◆ Information shown
□ □ □ □ □ □ □
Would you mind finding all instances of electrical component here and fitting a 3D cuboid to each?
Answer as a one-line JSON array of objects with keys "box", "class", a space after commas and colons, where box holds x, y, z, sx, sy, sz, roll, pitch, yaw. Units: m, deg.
□ □ □ □ □ □ □
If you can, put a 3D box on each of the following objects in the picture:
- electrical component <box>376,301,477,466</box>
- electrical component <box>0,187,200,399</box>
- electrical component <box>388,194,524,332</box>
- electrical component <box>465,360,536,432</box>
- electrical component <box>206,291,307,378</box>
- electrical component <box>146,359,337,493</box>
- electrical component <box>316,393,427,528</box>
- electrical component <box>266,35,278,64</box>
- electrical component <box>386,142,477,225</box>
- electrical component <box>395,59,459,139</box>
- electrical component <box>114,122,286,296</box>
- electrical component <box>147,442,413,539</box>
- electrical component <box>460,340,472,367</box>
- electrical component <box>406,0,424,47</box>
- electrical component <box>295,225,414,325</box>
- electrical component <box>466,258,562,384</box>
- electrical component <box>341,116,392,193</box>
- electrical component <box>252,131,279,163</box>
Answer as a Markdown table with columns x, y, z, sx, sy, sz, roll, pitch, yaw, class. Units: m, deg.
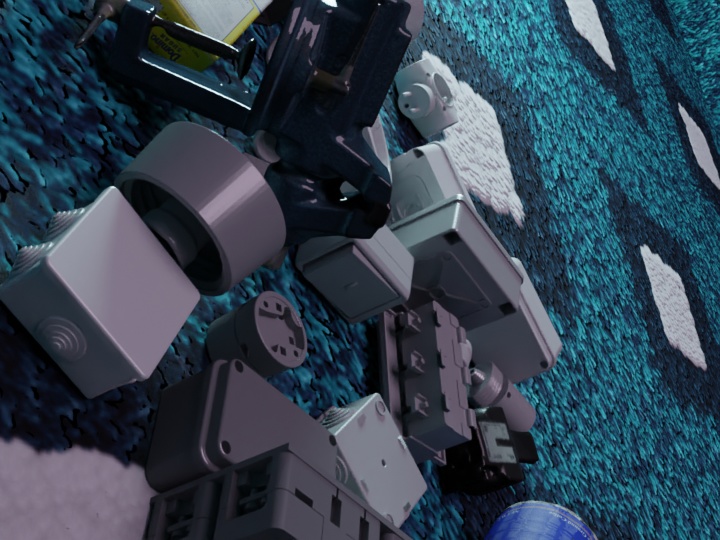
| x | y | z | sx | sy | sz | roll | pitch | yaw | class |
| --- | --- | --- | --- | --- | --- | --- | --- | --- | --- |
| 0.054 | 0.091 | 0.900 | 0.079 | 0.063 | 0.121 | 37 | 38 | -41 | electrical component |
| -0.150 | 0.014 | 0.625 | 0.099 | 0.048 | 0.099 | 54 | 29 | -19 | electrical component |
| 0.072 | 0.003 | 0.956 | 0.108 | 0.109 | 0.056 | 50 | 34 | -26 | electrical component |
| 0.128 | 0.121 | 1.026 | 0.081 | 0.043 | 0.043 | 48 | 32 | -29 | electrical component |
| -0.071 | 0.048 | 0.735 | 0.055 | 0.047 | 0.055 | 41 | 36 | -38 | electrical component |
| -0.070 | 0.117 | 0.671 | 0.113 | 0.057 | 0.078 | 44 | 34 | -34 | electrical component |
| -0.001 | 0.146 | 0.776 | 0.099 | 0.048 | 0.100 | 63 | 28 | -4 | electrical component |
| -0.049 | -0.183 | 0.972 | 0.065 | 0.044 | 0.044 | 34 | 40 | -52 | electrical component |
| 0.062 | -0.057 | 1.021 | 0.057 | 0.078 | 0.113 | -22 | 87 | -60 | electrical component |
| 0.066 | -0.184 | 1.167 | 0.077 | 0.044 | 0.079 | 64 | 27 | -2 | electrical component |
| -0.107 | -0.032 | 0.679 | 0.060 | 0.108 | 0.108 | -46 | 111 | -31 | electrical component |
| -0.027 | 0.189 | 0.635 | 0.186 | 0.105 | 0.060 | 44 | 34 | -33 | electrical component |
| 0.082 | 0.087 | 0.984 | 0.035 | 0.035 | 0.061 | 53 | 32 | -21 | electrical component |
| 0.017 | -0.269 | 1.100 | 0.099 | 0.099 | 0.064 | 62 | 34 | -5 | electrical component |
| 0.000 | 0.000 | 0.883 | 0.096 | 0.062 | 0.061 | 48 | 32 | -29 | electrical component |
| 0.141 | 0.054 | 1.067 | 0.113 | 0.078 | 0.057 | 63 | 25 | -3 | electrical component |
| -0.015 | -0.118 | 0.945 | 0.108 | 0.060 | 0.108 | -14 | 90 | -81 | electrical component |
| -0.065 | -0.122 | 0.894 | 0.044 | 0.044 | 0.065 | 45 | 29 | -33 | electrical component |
□ □ □ □ □ □ □
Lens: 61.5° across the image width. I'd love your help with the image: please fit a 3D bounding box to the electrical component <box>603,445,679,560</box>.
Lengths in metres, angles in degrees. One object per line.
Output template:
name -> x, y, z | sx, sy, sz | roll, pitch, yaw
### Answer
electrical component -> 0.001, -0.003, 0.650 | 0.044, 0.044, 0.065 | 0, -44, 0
□ □ □ □ □ □ □
Your answer must be the lines above from the one containing "- electrical component <box>266,35,278,64</box>" to the one containing "- electrical component <box>252,131,279,163</box>", both included, restated word for word.

- electrical component <box>266,35,278,64</box>
- electrical component <box>386,142,477,225</box>
- electrical component <box>395,59,459,139</box>
- electrical component <box>114,122,286,296</box>
- electrical component <box>147,442,413,539</box>
- electrical component <box>460,340,472,367</box>
- electrical component <box>406,0,424,47</box>
- electrical component <box>295,225,414,325</box>
- electrical component <box>466,258,562,384</box>
- electrical component <box>341,116,392,193</box>
- electrical component <box>252,131,279,163</box>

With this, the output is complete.